◆ **ENTRIES PROVIDED**:
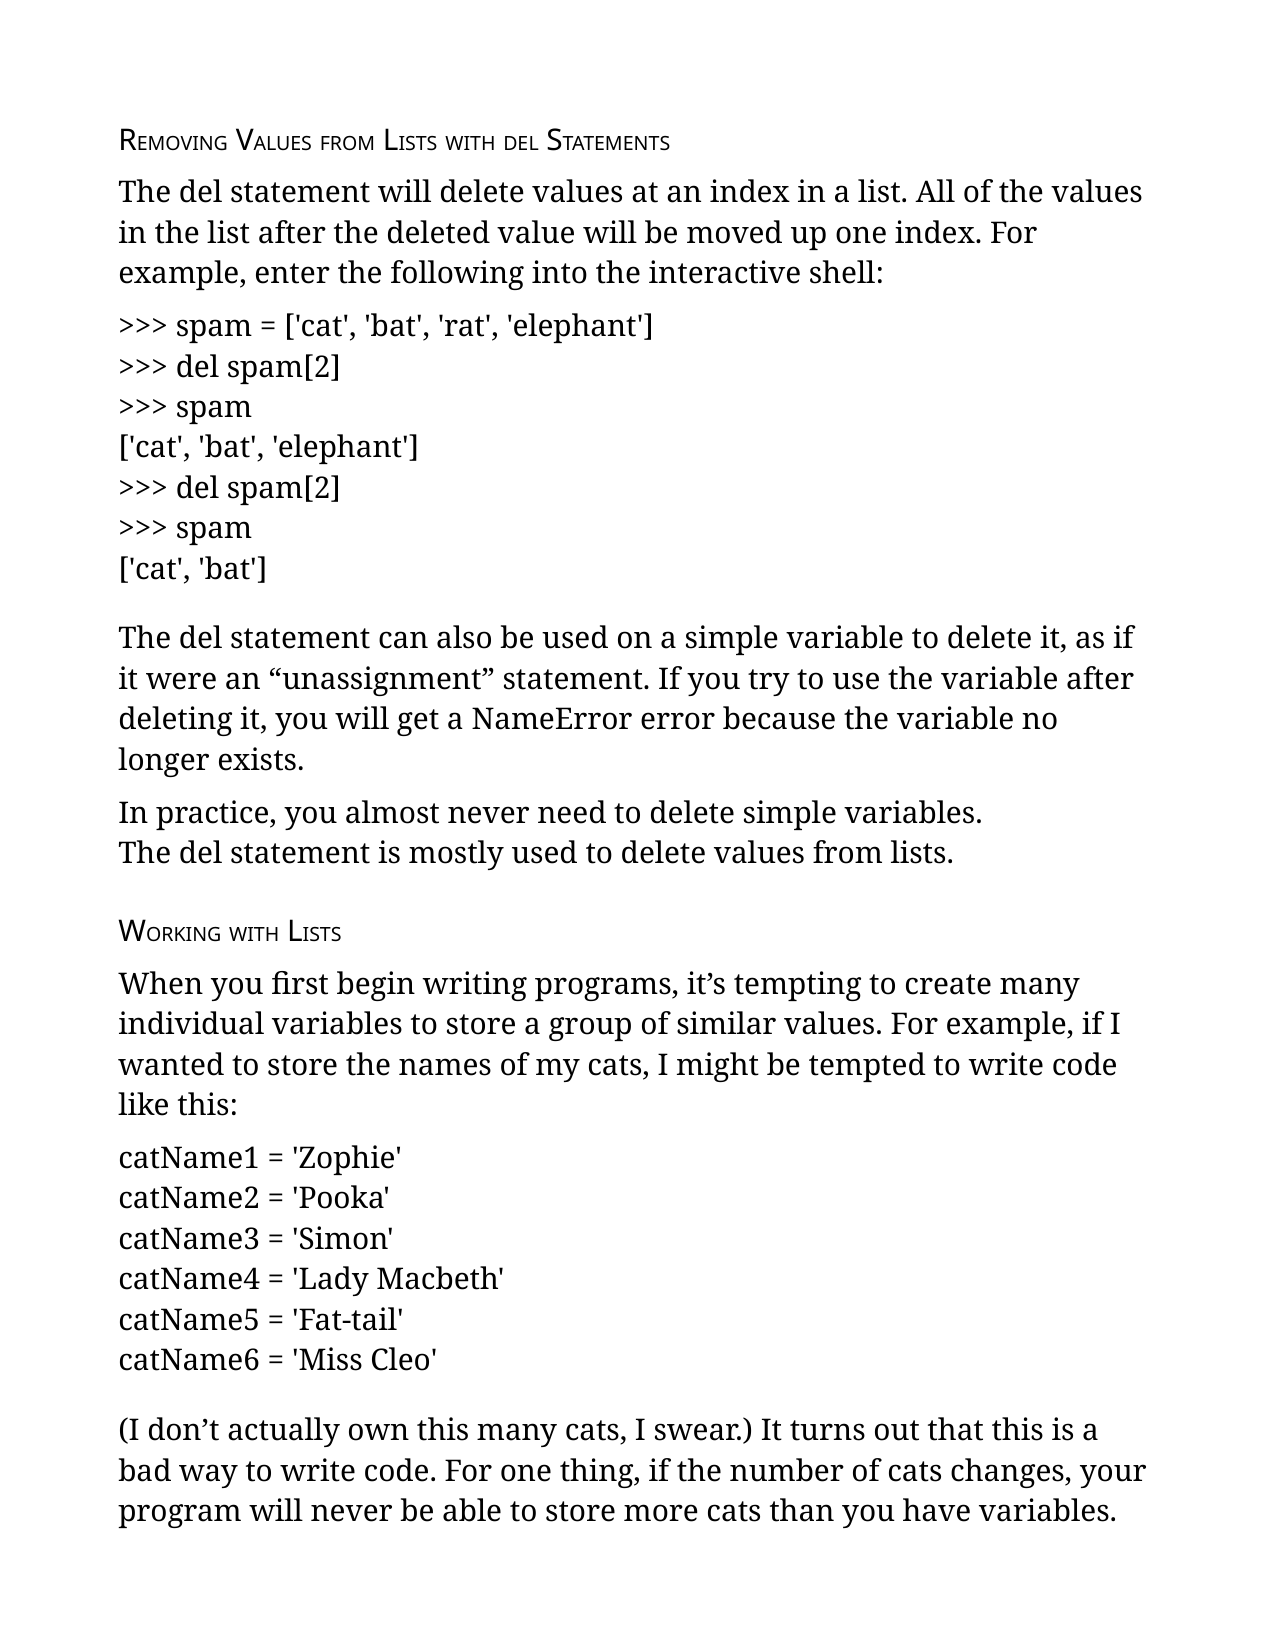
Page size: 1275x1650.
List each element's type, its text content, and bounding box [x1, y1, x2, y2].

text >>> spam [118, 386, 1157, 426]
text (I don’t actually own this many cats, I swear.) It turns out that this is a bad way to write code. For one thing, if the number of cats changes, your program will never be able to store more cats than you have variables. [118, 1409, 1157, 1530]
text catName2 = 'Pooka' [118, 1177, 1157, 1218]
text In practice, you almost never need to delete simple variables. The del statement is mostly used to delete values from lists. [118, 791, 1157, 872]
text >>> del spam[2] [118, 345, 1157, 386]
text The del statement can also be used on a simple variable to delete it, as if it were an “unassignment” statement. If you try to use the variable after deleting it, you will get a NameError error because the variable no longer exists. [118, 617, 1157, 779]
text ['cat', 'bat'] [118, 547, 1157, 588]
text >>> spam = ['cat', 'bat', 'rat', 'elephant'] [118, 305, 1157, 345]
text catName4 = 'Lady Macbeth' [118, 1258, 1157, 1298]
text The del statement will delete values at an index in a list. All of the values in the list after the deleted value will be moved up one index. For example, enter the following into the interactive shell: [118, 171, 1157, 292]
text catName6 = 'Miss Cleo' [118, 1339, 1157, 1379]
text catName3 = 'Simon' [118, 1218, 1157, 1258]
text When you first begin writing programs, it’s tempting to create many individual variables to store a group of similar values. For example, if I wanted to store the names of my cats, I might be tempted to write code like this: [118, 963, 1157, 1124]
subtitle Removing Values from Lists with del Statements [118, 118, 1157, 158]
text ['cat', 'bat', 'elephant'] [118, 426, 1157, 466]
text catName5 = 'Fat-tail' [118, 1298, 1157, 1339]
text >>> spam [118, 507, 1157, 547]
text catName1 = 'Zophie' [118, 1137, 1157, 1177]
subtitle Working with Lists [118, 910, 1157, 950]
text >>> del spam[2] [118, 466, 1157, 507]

◆ **EXERCISE PROMPT**: Give only the number of lines in the entries that contain "with".

◆ **EXERCISE RESULT**: 2